Convex Programming and Efficiency
In this lecture, we formalize convex programming problems, discuss what it means to solve them efficiently and present various ways in which a convex set or a function can be specified.
This lecture introduces gradient descent — a meta-algorithm for unconstrained minimization. Under convexity of the objective, we prove a convergence time bound when the gradient of the function is Lipschitz. Subsequently, it is shown how to use this continuous optimization method to come up with a fast algorithm for a discrete optimization problem: computing maximum flows in a graph.
Mirror Descent and the Multiplicative Weight Update Method
In this lecture, we derive a new optimization algorithm — called Mirror Descent — via a different local optimization principle. First, the Mirror Descent algorithm is developed for optimizing convex functions over the probability simplex. Subsequently, we show how to generalize it and, importantly, derive the Multiplicative Weights Update (MWU) algorithm from it. This latter algorithm is then used to present a fast approximate algorithm to solve the bipartite matching problem on graphs.
Nesterov’s Accelerated Gradient Method
In this lecture, we derive the Accelerated Gradient Descent algorithm whose convergence rate is quadratically better than the standard gradient descent. The method and the analysis that is presented here works for any pair of dual norms.
In this lecture, we derive and analyze Newton’s method which is an example of a second-order optimization method and has its origins in finding roots of functions. We argue that Newton’s method can be seen as gradient descent on a Hessian manifold, which then motivates an affinely invariant analysis of its convergence.

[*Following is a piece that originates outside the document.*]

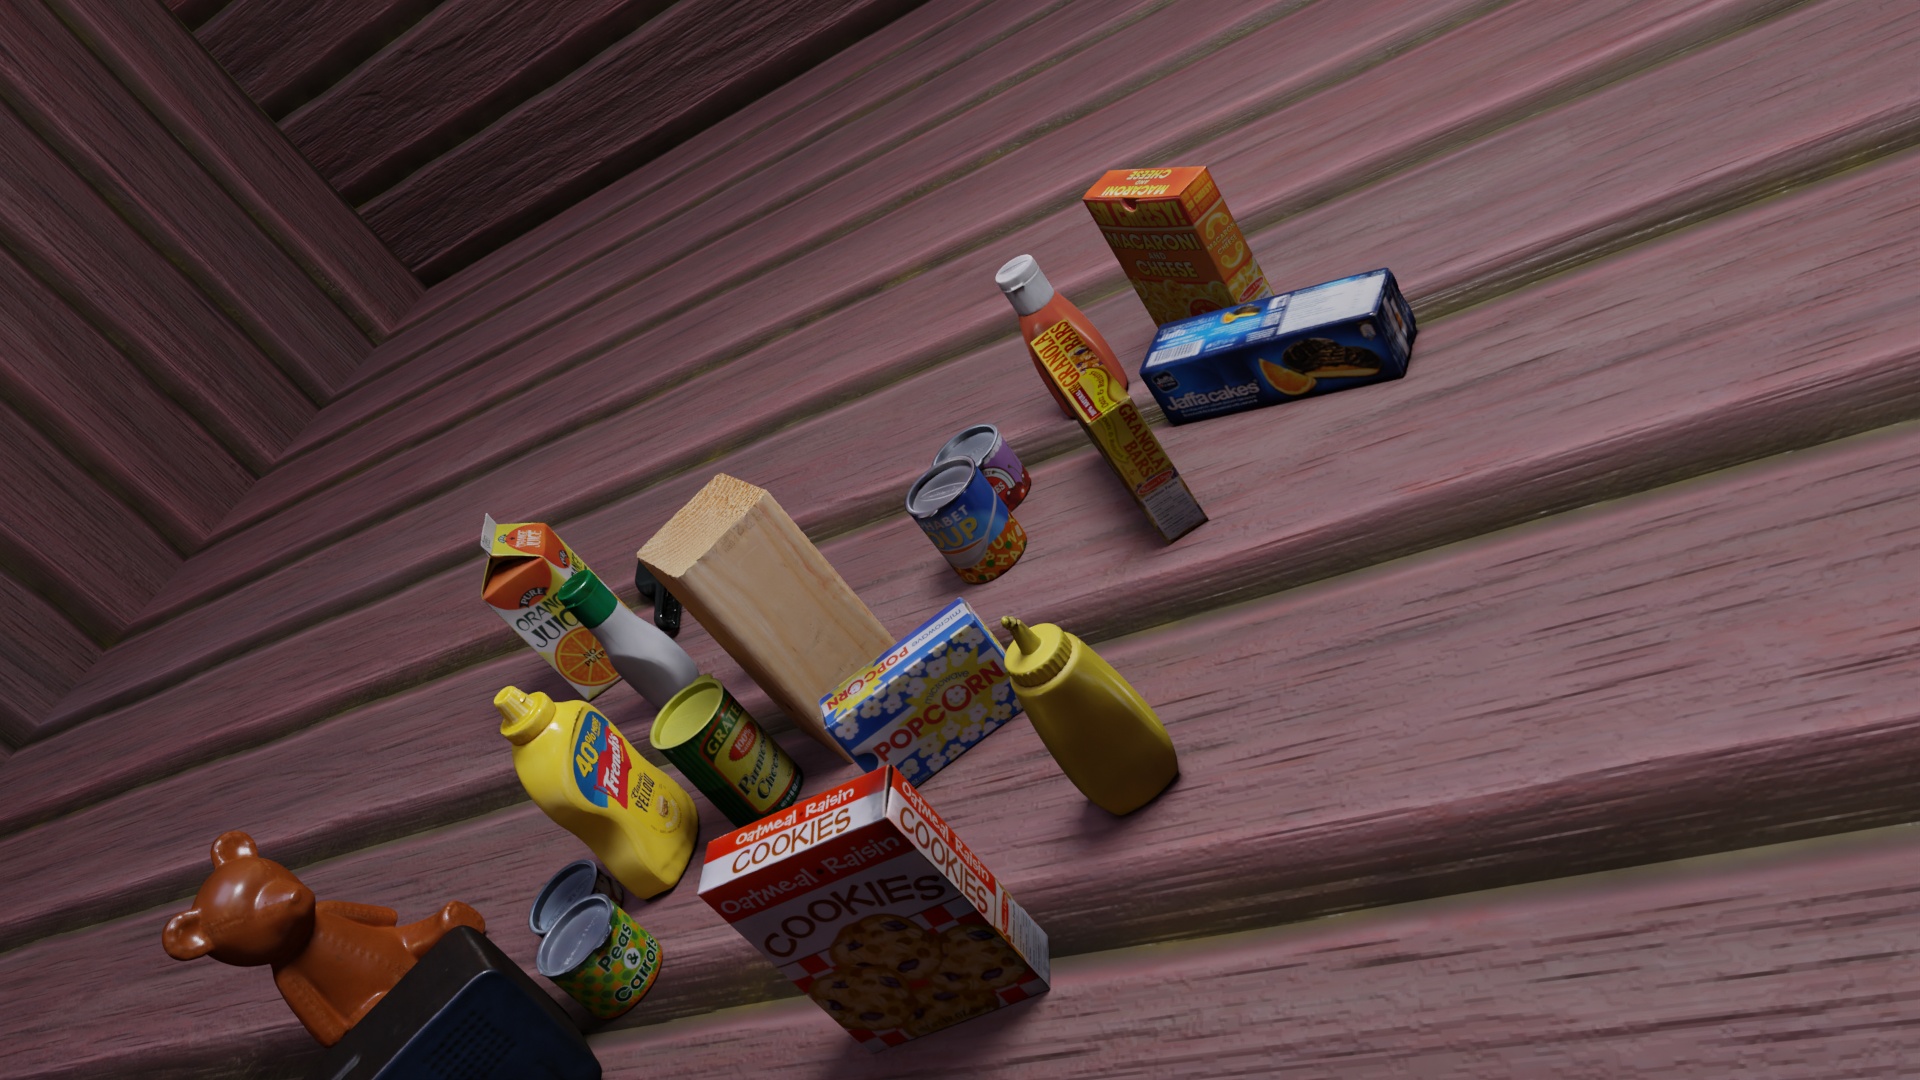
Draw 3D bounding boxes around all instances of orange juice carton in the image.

Primal Path Following Interior Point Methods
In this lecture, we build on Newton’s method and its convergence presented in the previous lecture to derive a polynomial time algorithm for Linear Programming. Key to the reduction from constrained to unconstrained optimization is the notion of barrier functions and the corresponding central path.
Variants of the Path Following Interior Point Method and Self-Concordance
In this lecture, we present various generalizations and extensions of the path following IPM which we have introduced in the previous lecture for the case of Linear Programming. As an application, we derive a fast algorithm for the minimum cost flow problem. Subsequently, we introduce the notion of Self-Concordance and present various barrier functions such as Vaidya’s barrier function, Lee-Sidford’s barrier function, and the Canonical barrier function.
Cutting Plane and Ellipsoid Methods for Linear Programming
In this lecture, we introduce a class of cutting plane methods for convex optimization and present an analysis of a special case of it: the ellipsoid method. We then show how to use this ellipsoid method to optimize linear programs with exponentially many constraints when only the separation oracle is provided. Examples include the matching polytope for general graphs and matroid polytopes.
Convex Programming using the Ellipsoid Method
In this lecture, we show how to adapt the Ellipsoid method to solve more general convex programs other than linear programming. This allows us to give a polynomial time algorithm for submodular minimization and apply it to the problem of computing maximum entropy distributions. Submodular minimization allows us, in turn, to obtain separation oracles for matroid polytopes. We end with faster variants of the Ellipsoid method due to Vaidya and Lee-Sidford-Wong.
Beyond Convexity: Geodesic Convexity and Optimization
Sometimes, functions that are non-convex in the Euclidean space turn out to be convex if one introduces a suitable metric on the space and redefines convexity with respect to the straight lines (“geodesics”) induced by the metric. Such a function is called “geodesically convex” and, when a function has this property and how to optimize over it, is not well-understood. This lecture introduces geodesic convexity and presents applications to certain non-convex matrix optimization problems.